Husky Food opposed the motion on the grounds it had never agreed to bring disputes under the agreement to arbitration.  The motions judge concluded, however, that a stay should be issued, and Husky Food appealed.

Husky Food raised two grounds of appeal.  First, it argued the motions judge had erred in finding that a stay should be granted where it is only “arguable” that an arbitration agreement exists, as opposed to when the existence of such an agreement is proven on a balance of probabilities.  Second, it argued the motions judge erred in finding that “arguably” such an agreement existed.

What Standard Will a Court Apply in Determining Whether an Arbitration Agreement Exists for the Purpose of Granting a Stay?

The Court of Appeal began its analysis by reiterating the general legal principle that “challenges to an arbitrator’s jurisdiction” should be referred to the applicable arbitrator.  The Court also noted the broad authority of arbitrators under Ontario legislation “to determine issues of their jurisdiction.”

In Haas v. Gunasekaram, the Court of Appeal set out the steps to be considered by a court in determining whether to grant a stay in an arbitration context; however, the Court in Husky Food confirmed that this approach had been superseded by the approach taken by the Supreme Court of Canada in Peace River Hydro Partners v. Petrowest Corp.  In the latter case, the Court noted that a party seeking a stay under provincial arbitration legislation must meet the “technical prerequisites for a mandatory stay of court proceedings” on the “applicable standard of proof.”  If the party does this successfully, then the other party has an opportunity to “show that one of the statutory exceptions applies.”

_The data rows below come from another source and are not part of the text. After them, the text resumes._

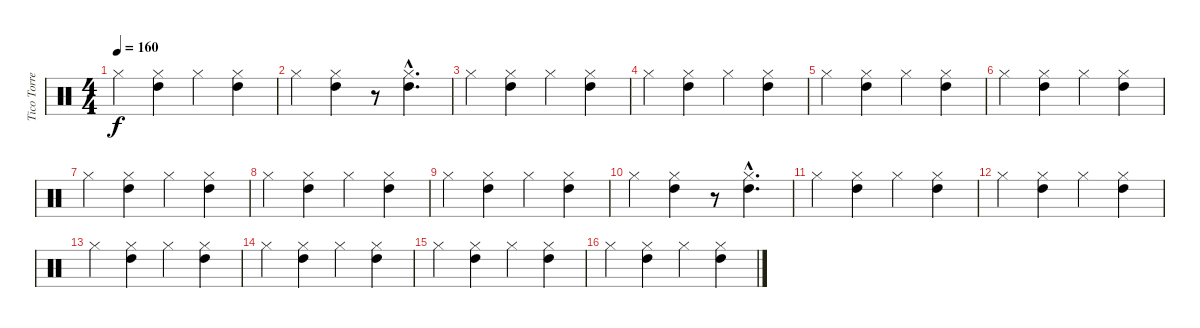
\track ("Tico Torres" "Tico Torre") {instrument percussion}
\staff {score}
\articulation defaults
\ts (4 4)
\tempo 160
\clef neutral
\ks c "Hi-Hat (closed)".4{dy f}
("Hi-Hat (closed)" "High Tom (hit)").4 "Hi-Hat (closed)".4 ("Hi-Hat (closed)" "High Tom (hit)").4 |
"Hi-Hat (closed)".4 ("Hi-Hat (closed)" "High Tom (hit)").4 r.8 ("Hi-Hat (closed)"{hac} "High Tom (hit)"{hac}).4{d} |
"Hi-Hat (closed)".4 ("Hi-Hat (closed)" "High Tom (hit)").4 "Hi-Hat (closed)".4 ("Hi-Hat (closed)" "High Tom (hit)").4 |
"Hi-Hat (closed)".4 ("Hi-Hat (closed)" "High Tom (hit)").4 "Hi-Hat (closed)".4 ("Hi-Hat (closed)" "High Tom (hit)").4 |
"Hi-Hat (closed)".4 ("Hi-Hat (closed)" "High Tom (hit)").4 "Hi-Hat (closed)".4 ("Hi-Hat (closed)" "High Tom (hit)").4 |
"Hi-Hat (closed)".4 ("Hi-Hat (closed)" "High Tom (hit)").4 "Hi-Hat (closed)".4 ("Hi-Hat (closed)" "High Tom (hit)").4 |
"Hi-Hat (closed)".4 ("Hi-Hat (closed)" "High Tom (hit)").4 "Hi-Hat (closed)".4 ("Hi-Hat (closed)" "High Tom (hit)").4 |
"Hi-Hat (closed)".4 ("Hi-Hat (closed)" "High Tom (hit)").4 "Hi-Hat (closed)".4 ("Hi-Hat (closed)" "High Tom (hit)").4 |
"Hi-Hat (closed)".4 ("Hi-Hat (closed)" "High Tom (hit)").4 "Hi-Hat (closed)".4 ("Hi-Hat (closed)" "High Tom (hit)").4 |
"Hi-Hat (closed)".4 ("Hi-Hat (closed)" "High Tom (hit)").4 r.8 ("Hi-Hat (closed)"{hac} "High Tom (hit)"{hac}).4{d} |
"Hi-Hat (closed)".4 ("Hi-Hat (closed)" "High Tom (hit)").4 "Hi-Hat (closed)".4 ("Hi-Hat (closed)" "High Tom (hit)").4 |
"Hi-Hat (closed)".4 ("Hi-Hat (closed)" "High Tom (hit)").4 "Hi-Hat (closed)".4 ("Hi-Hat (closed)" "High Tom (hit)").4 |
"Hi-Hat (closed)".4 ("Hi-Hat (closed)" "High Tom (hit)").4 "Hi-Hat (closed)".4 ("Hi-Hat (closed)" "High Tom (hit)").4 |
"Hi-Hat (closed)".4 ("Hi-Hat (closed)" "High Tom (hit)").4 "Hi-Hat (closed)".4 ("Hi-Hat (closed)" "High Tom (hit)").4 |
"Hi-Hat (closed)".4 ("Hi-Hat (closed)" "High Tom (hit)").4 "Hi-Hat (closed)".4 ("Hi-Hat (closed)" "High Tom (hit)").4 |
"Hi-Hat (closed)".4 ("Hi-Hat (closed)" "High Tom (hit)").4 "Hi-Hat (closed)".4 ("Hi-Hat (closed)" "High Tom (hit)").4

With respect to the first part of the two-step framework, the Court in Husky Food noted the comment of the Supreme Court of Canada in Peace River that “provincial arbitration legislation typically contains four relevant technical prerequisites,” namely an arbitration agreement must exist, a party to that agreement must have commenced court proceedings, the proceedings must concern “a matter that the parties agreed to submit to arbitration,” and the party seeking the stay must do so before taking any steps in the “court proceedings.”  If these criteria are met, then the second step of the framework is triggered.

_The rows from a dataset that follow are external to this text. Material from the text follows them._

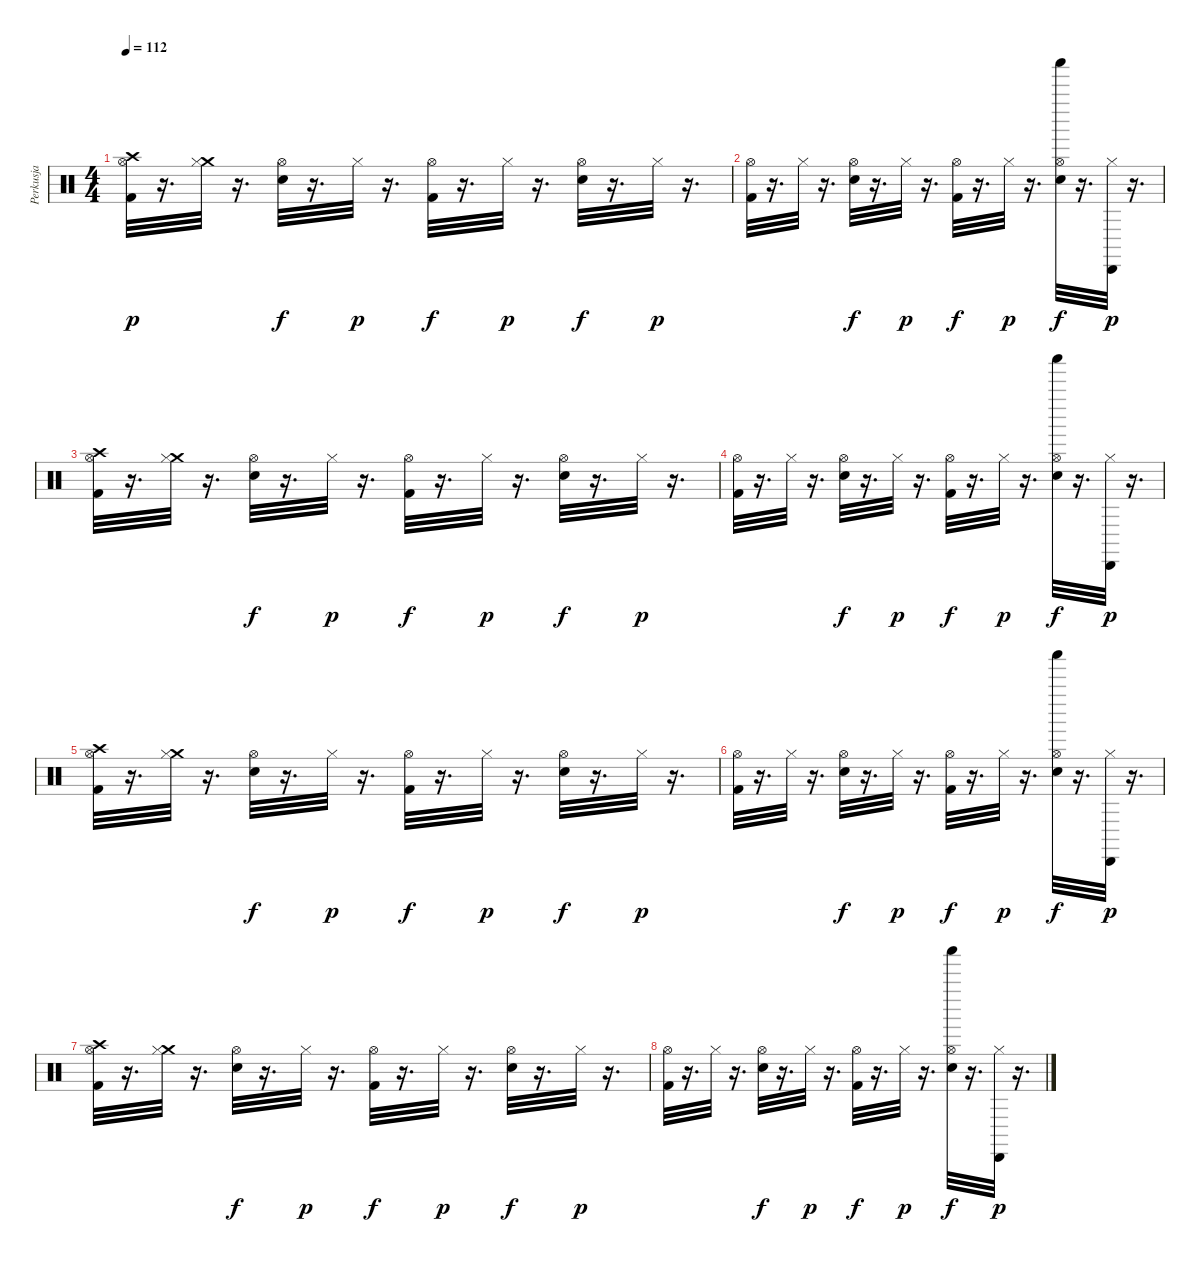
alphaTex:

\track ("Perkusja" "Perkusja") {instrument percussion}
\staff {score}
\articulation defaults
\ts (4 4)
\tempo 112
\clef neutral
\ks c
("Crash high (hit)" "Hi-Hat (open)" "Kick (hit) 2").32{dy p} r.16{d} ("Crash medium (hit)" "Hi-Hat (closed)").32 r.16{d} ("Hi-Hat (open)" "Snare (hit) 2").32{dy f} r.16{d} "Hi-Hat (closed)".32{dy p} r.16{d} ("Hi-Hat (open)" "Kick (hit) 2").32{dy f} r.16{d} "Hi-Hat (closed)".32{dy p} r.16{d} ("Hi-Hat (open)" "Snare (hit) 2").32{dy f} r.16{d} "Hi-Hat (closed)".32{dy p} r.16{d} |
("Hi-Hat (open)" "Kick (hit) 2").32 r.16{d} "Hi-Hat (closed)".32 r.16{d} ("Hi-Hat (open)" "Snare (hit) 2").32{dy f} r.16{d} "Hi-Hat (closed)".32{dy p} r.16{d} ("Hi-Hat (open)" "Kick (hit) 2").32{dy f} r.16{d} "Hi-Hat (closed)".32{dy p} r.16{d} ("Shaker (hit)" "Hi-Hat (open)" "Snare (hit) 2").32{dy f} r.16{d} ("Hi-Hat (closed)" "Cabasa (hit)").32{dy p} r.16{d} |
("Crash high (hit)" "Hi-Hat (open)" "Kick (hit) 2").32 r.16{d} ("Crash medium (hit)" "Hi-Hat (closed)").32 r.16{d} ("Hi-Hat (open)" "Snare (hit) 2").32{dy f} r.16{d} "Hi-Hat (closed)".32{dy p} r.16{d} ("Hi-Hat (open)" "Kick (hit) 2").32{dy f} r.16{d} "Hi-Hat (closed)".32{dy p} r.16{d} ("Hi-Hat (open)" "Snare (hit) 2").32{dy f} r.16{d} "Hi-Hat (closed)".32{dy p} r.16{d} |
("Hi-Hat (open)" "Kick (hit) 2").32 r.16{d} "Hi-Hat (closed)".32 r.16{d} ("Hi-Hat (open)" "Snare (hit) 2").32{dy f} r.16{d} "Hi-Hat (closed)".32{dy p} r.16{d} ("Hi-Hat (open)" "Kick (hit) 2").32{dy f} r.16{d} "Hi-Hat (closed)".32{dy p} r.16{d} ("Shaker (hit)" "Hi-Hat (open)" "Snare (hit) 2").32{dy f} r.16{d} ("Hi-Hat (closed)" "Cabasa (hit)").32{dy p} r.16{d} |
("Crash high (hit)" "Hi-Hat (open)" "Kick (hit) 2").32 r.16{d} ("Crash medium (hit)" "Hi-Hat (closed)").32 r.16{d} ("Hi-Hat (open)" "Snare (hit) 2").32{dy f} r.16{d} "Hi-Hat (closed)".32{dy p} r.16{d} ("Hi-Hat (open)" "Kick (hit) 2").32{dy f} r.16{d} "Hi-Hat (closed)".32{dy p} r.16{d} ("Hi-Hat (open)" "Snare (hit) 2").32{dy f} r.16{d} "Hi-Hat (closed)".32{dy p} r.16{d} |
("Hi-Hat (open)" "Kick (hit) 2").32 r.16{d} "Hi-Hat (closed)".32 r.16{d} ("Hi-Hat (open)" "Snare (hit) 2").32{dy f} r.16{d} "Hi-Hat (closed)".32{dy p} r.16{d} ("Hi-Hat (open)" "Kick (hit) 2").32{dy f} r.16{d} "Hi-Hat (closed)".32{dy p} r.16{d} ("Shaker (hit)" "Hi-Hat (open)" "Snare (hit) 2").32{dy f} r.16{d} ("Hi-Hat (closed)" "Cabasa (hit)").32{dy p} r.16{d} |
("Crash high (hit)" "Hi-Hat (open)" "Kick (hit) 2").32 r.16{d} ("Crash medium (hit)" "Hi-Hat (closed)").32 r.16{d} ("Hi-Hat (open)" "Snare (hit) 2").32{dy f} r.16{d} "Hi-Hat (closed)".32{dy p} r.16{d} ("Hi-Hat (open)" "Kick (hit) 2").32{dy f} r.16{d} "Hi-Hat (closed)".32{dy p} r.16{d} ("Hi-Hat (open)" "Snare (hit) 2").32{dy f} r.16{d} "Hi-Hat (closed)".32{dy p} r.16{d} |
("Hi-Hat (open)" "Kick (hit) 2").32 r.16{d} "Hi-Hat (closed)".32 r.16{d} ("Hi-Hat (open)" "Snare (hit) 2").32{dy f} r.16{d} "Hi-Hat (closed)".32{dy p} r.16{d} ("Hi-Hat (open)" "Kick (hit) 2").32{dy f} r.16{d} "Hi-Hat (closed)".32{dy p} r.16{d} ("Shaker (hit)" "Hi-Hat (open)" "Snare (hit) 2").32{dy f} r.16{d} ("Hi-Hat (closed)" "Cabasa (hit)").32{dy p} r.16{d}

The Court in Husky Food confirmed that this approach also applies to stays sought under section 9 of the International Commercial Arbitration Act.

With respect to the first of these four prerequisites, Husky Food argued that JH Whittaker had the duty to prove an arbitration existed on a balance of probabilities.  However, the Court again referenced Peace River and noted that JH Whittaker only had to “establish an ‘arguable case’ that the technical prerequisites” were met.  Accordingly, Husky Food’s argument was rejected.

Evidentiary Record Supported the Conclusion of the Motion Judge That an Arbitration Agreement “Arguably” Existed

Husky Food further submitted that the motion judge erred in finding that an arbitration agreement arguably existed.  Among other things, Husky Food pointed to evidence that it had removed an arbitration clause from drafts of the distribution agreement that had pre-dated 2020 and further that the May 2020 draft specifically stated that an inconsistency between the main agreement and a provision in a schedule to it was to be resolved in favour of the former.  Ultimately, the Court rejected this argument, pointing to the fact that Husky Food had specifically based its action against JH Whittaker on the fact that the May 2020 draft was a binding agreement and that Husky Food had accepted JH Whittaker’s changes from April 2020.  Accordingly, Husky Food’s appeal was dismissed.